More alliances could follow, according to Mazda CEO Takashi Yamanouchi. That could help the small Japanese automaker reduce the hefty expense of developing new products. Not that Mazda is waiting for assistance. It has been rolling out an assortment of new models, such as the well-reviewed CX-5 crossover.
It has also introduced a new concept, dubbed SkyActiv, that it claims can compete with the efficiency of rivals’ hybrid products. At its heart, SkyActiv is a new approach to powertrain technology but it also entails steps Mazda engineers are taking to improve the overall efficiency of the maker’s vehicles, down to finding ways to reduce the weight of the lugnuts on the wheels of the new Mazda6.
The all-new version of the sedan will be offered with both the new SkyActiv gasoline and diesel powertrains.
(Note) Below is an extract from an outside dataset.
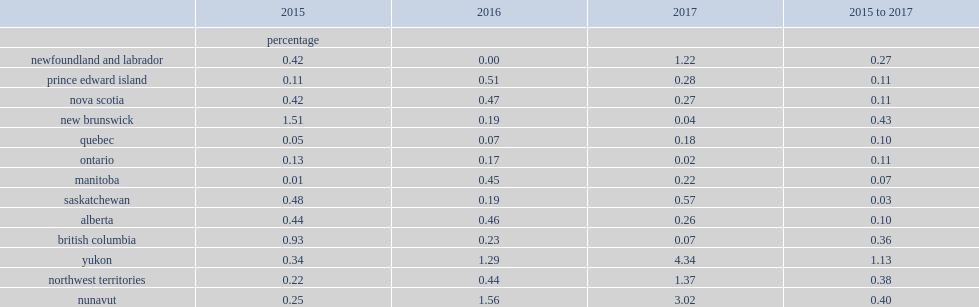What was the range of the mean absolute revision for 2015 to 2017? 0.07 1.13. Which province had the largest absolute mean revision in 2015? Newfoundland and labrador.

Unfortunately for those who might opt for the SkyActiv-D, they’ll likely have a hard time finding the synthetic diesel Mazda will use on the race track. The renewable blend was developed by Dynamic Fuels, a 50/50 joint venture of Tyson Foods and Syntroleum, and it is being produced at a $150 million refinery which opened up near Baton Rouge, Louisiana two years ago.
Why Tyson? Because the maker has had to find ways to dispose of 1.5 million pounds of chicken, pork and beef products every single day. Now it can avoid the cost of dumping that offal and potential make some money from it. The refinery is producing about 75 million gallons of synthetic diesel annually and could ramp up to provide even more.
A number of refiners are working to come up with bio-fuels. The most readily available are ethanol blends. They’ve been controversial because, until now, most have used food stocks, such as corn – though newer, so-called cellulosic production methods can create the alcohol fuel from waste.
Many of the new bio-diesel blends use waste products – though a select number of filling stations near San Francisco recently began offering a blend created from algae.
Dynamic Fuels ultimately hopes to begin selling some of its synthetic diesel to the public and is shooting for a $5 a gallon price tag, notes Mazda’s U.S. CEO Jim O’Sullivan.
Some shuttle buses operated by Alamo and National Car Rental are already testing it on the street. And the U.S. Navy is also using the bio-diesel blend on some of its ships.
Those who buy the new Mazda6 with SkyActiv-D will have to settle for conventional, petroleum-based diesel fuel. But the maker is hoping that with a 14.5 gallon tank of distilled guts under its hood, the Mazda6 race car will dominate its field when the flag drops at Daytona on Saturday.